Na verdade, estamos loucos pra essa tal “COPA FIFA” (que no meu tempo se chamava Copa do Mundo) chegar aqui no Brasil. Que venham todos para curtir o valor dessa gente bronzeada e participar das manifestações. Mas que não se espantem com nossos grosseiros modos antropofágicos ou com nossas idiossincrasias quanto às orientações e demais exigências do Império. Afinal, se a FIFA vive se jactando de não haver imposto Mundial ao Brasil, é certo que ninguém por aqui pediu quaisquer das imposições que vieram a reboque.  Que não nos julguem ou se espantem, portanto, se um Dante encarnar Macunaíma em plena final de Copa, arriar o calção, dar as costas à  tribuna de honra e, como Seu Boneco, ir pra galera! Afinal, isso aqui-iô-iô é um pouquinho de Brasil iá-iá...

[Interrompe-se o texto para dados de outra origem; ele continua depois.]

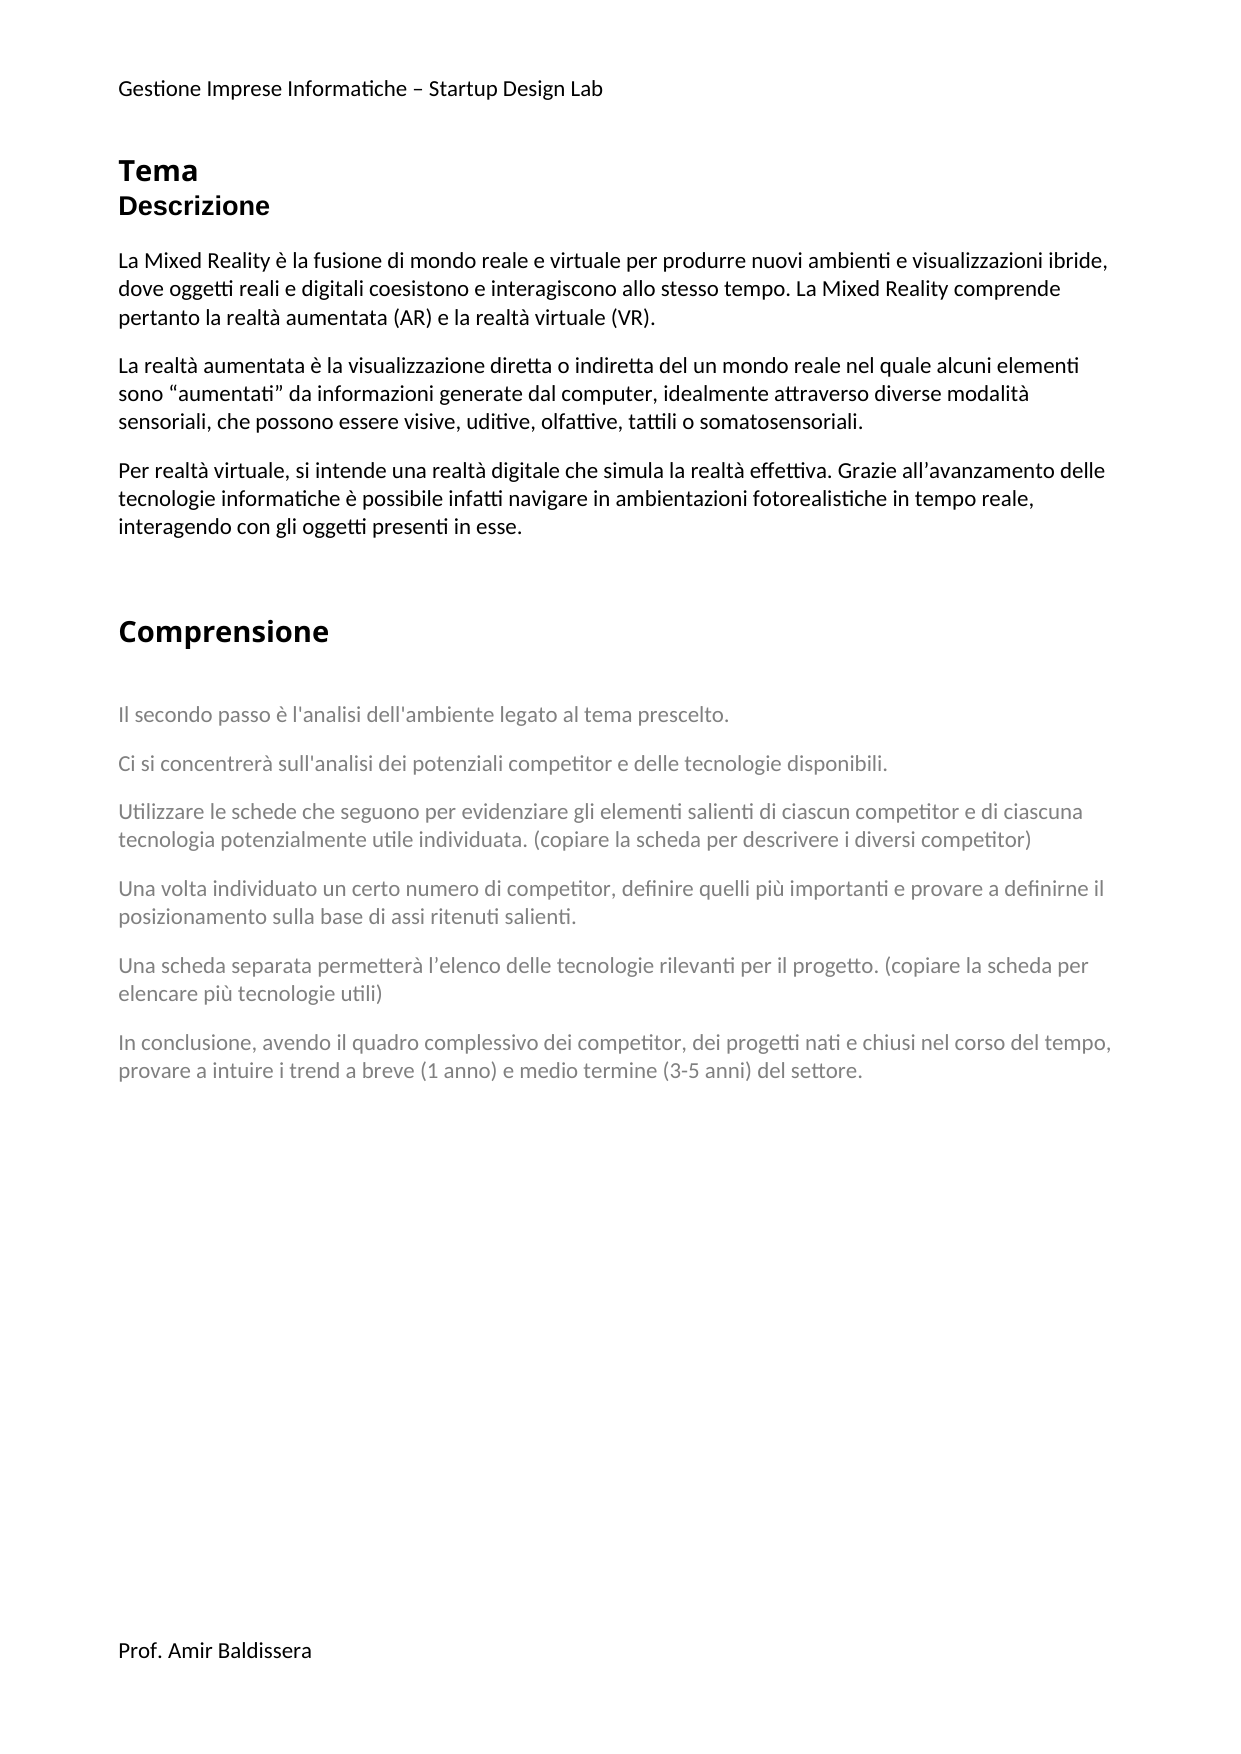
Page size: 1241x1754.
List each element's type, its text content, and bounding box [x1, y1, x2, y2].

text Una volta individuato un certo numero di competitor, definire quelli più importanti e provare a definirne il posizionamento sulla base di assi ritenuti salienti. [118, 874, 1122, 930]
subtitle Tema [118, 151, 1122, 190]
text La realtà aumentata è la visualizzazione diretta o indiretta del un mondo reale nel quale alcuni elementi sono “aumentati” da informazioni generate dal computer, idealmente attraverso diverse modalità sensoriali, che possono essere visive, uditive, olfattive, tattili o somatosensoriali. [118, 351, 1122, 436]
subtitle Comprensione [118, 611, 1122, 651]
text Per realtà virtuale, si intende una realtà digitale che simula la realtà effettiva. Grazie all’avanzamento delle tecnologie informatiche è possibile infatti navigare in ambientazioni fotorealistiche in tempo reale, interagendo con gli oggetti presenti in esse. [118, 456, 1122, 540]
text Il secondo passo è l'analisi dell'ambiente legato al tema prescelto. [118, 700, 1122, 728]
text Utilizzare le schede che seguono per evidenziare gli elementi salienti di ciascun competitor e di ciascuna tecnologia potenzialmente utile individuata. (copiare la scheda per descrivere i diversi competitor) [118, 797, 1122, 853]
text Una scheda separata permetterà l’elenco delle tecnologie rilevanti per il progetto. (copiare la scheda per elencare più tecnologie utili) [118, 951, 1122, 1007]
text Ci si concentrerà sull'analisi dei potenziali competitor e delle tecnologie disponibili. [118, 749, 1122, 777]
text La Mixed Reality è la fusione di mondo reale e virtuale per produrre nuovi ambienti e visualizzazioni ibride, dove oggetti reali e digitali coesistono e interagiscono allo stesso tempo. La Mixed Reality comprende pertanto la realtà aumentata (AR) e la realtà virtuale (VR). [118, 247, 1122, 331]
subtitle Descrizione [118, 190, 1122, 222]
text In conclusione, avendo il quadro complessivo dei competitor, dei progetti nati e chiusi nel corso del tempo, provare a intuire i trend a breve (1 anno) e medio termine (3-5 anni) del settore. [118, 1028, 1122, 1084]

“Contra a realidade social, vestida e opressora, a realidade sem complexos, sem loucura, sem prostituições e sem penitenciária do matriarcado de Pindorama” – OSWALD DE ANDRADE



foto: joão sassi





Post Scriptum:

Parágrafo Primeiro: não será permitido ao scorer tacar longe o uniforme e correr alucinadamente com mensagens de amor escritas ao torcedor;

Inciso Um; a referida traquinagem será punida com cartão amarelo e deboche do narrador (mesmo que seja gol de título feito aos 49’ do segundo-tempo da final da Libertadores, na Bombonera).

Alínea única: Caso seja a partida de despedida do anotador, recomenda-se a expulsão do meliante e a execração pública.

Parágrafo Segundo: será terminantemente vetado ao scorer escalar o alambrado para saudar a massa insana.

Inciso Um: tal ato de vandalismo incorrerá em multa e espancamento sumário dos atletas envolvidos pelos agentes-FIFA presentes, estejam estes fardados ou infiltrados, à paisana.

Parágrafo Terceiro: proibir-se-á o acesso do scorer e de seus asseclas às escadinhas dispostas nas laterais do campo ou atrás das metas, com vistas a pular nos braços da galera, em júbilo e glória.

Inciso Primeiro: tornado crime hediondo, tal infâmia será passível de capação e venda imediata do referido atleta e de seus comparsas ao futebol chinês. Sorrir pode, mas, necessariamente, à inglesa.

Alínea Última: Após o tento, recomenda-se fazer o sinal da cruz e apontar os dedos para Deus-Todo-Poderoso ou para a marca do patrocinador exposta no uniforme, bem como em outdoors espalhados ao redor do campo. Fazer coraçãozinho com as mãos também pode, à exceção do Richarlyson.